## Problem
Show all lines of the entries in which the word "below" is found.

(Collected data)

▬▬▬▬▬▬

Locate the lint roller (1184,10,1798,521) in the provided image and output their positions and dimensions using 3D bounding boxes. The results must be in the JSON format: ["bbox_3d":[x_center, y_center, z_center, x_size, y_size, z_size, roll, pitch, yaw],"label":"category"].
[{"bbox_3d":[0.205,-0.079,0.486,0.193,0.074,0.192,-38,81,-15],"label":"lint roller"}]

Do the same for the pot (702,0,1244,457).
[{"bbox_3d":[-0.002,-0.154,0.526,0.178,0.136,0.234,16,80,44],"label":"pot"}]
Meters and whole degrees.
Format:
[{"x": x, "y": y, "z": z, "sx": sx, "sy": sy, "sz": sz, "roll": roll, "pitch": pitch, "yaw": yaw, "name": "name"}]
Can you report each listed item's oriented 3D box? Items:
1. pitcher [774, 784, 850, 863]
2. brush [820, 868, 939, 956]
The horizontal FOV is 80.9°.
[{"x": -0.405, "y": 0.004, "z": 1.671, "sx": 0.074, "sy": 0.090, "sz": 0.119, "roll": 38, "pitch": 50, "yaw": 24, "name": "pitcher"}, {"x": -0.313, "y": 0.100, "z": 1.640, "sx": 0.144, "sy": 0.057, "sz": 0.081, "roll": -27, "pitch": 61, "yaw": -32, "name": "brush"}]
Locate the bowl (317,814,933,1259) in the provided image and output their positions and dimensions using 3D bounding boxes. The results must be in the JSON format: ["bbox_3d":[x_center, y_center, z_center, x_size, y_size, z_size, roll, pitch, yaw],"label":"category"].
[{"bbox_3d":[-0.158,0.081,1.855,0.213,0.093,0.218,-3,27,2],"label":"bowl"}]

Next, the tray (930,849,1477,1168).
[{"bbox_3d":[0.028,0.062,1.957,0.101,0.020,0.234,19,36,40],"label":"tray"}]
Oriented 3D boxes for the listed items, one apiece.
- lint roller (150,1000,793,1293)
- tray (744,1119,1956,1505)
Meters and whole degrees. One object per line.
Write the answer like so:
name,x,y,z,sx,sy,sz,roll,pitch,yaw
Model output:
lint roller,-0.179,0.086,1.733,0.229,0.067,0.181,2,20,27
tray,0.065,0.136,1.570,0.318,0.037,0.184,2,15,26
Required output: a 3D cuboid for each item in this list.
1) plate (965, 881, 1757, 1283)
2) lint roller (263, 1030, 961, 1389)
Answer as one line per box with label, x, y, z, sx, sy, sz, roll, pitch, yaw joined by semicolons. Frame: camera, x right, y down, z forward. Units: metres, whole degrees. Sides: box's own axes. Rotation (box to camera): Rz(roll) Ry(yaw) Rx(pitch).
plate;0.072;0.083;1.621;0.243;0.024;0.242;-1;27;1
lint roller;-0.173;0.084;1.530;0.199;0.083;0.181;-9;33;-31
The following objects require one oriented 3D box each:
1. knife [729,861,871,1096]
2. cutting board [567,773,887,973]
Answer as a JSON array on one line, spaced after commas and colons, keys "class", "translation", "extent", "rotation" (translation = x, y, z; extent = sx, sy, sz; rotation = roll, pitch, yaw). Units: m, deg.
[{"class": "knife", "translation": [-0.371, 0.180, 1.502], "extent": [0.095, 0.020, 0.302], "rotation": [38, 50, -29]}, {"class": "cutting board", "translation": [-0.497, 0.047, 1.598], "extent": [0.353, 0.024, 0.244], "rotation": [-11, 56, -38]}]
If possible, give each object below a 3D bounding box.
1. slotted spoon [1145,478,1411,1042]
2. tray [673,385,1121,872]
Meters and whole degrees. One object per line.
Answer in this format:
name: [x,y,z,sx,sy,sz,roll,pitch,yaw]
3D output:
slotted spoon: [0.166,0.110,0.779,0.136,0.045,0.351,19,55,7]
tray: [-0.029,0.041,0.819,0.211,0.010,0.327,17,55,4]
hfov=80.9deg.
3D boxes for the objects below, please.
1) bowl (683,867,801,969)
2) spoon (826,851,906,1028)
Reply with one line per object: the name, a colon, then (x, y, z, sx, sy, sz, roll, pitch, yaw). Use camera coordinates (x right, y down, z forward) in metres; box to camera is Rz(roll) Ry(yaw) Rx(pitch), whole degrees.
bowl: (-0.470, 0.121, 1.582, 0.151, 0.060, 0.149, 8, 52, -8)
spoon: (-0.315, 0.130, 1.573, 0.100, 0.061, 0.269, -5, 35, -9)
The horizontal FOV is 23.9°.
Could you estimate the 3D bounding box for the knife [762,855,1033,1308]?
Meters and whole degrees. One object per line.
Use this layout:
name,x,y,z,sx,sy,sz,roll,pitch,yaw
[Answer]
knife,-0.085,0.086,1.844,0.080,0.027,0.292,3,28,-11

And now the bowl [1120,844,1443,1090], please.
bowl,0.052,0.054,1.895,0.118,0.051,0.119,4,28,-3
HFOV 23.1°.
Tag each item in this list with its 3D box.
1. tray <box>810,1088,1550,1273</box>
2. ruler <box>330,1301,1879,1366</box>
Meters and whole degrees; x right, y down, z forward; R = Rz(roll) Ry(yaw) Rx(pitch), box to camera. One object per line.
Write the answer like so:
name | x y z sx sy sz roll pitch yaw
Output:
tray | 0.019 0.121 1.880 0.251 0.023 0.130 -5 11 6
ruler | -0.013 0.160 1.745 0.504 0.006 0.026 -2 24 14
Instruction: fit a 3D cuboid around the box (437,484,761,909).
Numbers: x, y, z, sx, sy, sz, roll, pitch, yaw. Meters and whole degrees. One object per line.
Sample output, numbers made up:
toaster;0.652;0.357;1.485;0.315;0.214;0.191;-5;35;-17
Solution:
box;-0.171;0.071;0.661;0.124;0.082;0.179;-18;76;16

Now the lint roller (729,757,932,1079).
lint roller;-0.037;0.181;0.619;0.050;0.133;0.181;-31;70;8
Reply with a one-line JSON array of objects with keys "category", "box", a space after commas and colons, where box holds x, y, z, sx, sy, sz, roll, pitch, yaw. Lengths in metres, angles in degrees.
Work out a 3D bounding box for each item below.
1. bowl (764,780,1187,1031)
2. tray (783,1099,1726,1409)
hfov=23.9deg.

▬▬▬▬▬▬

## Response to the exercise
If possible, give each object below a 3D bounding box.
3D boxes for the objects below, please.
Work out a 3D bounding box for each item below.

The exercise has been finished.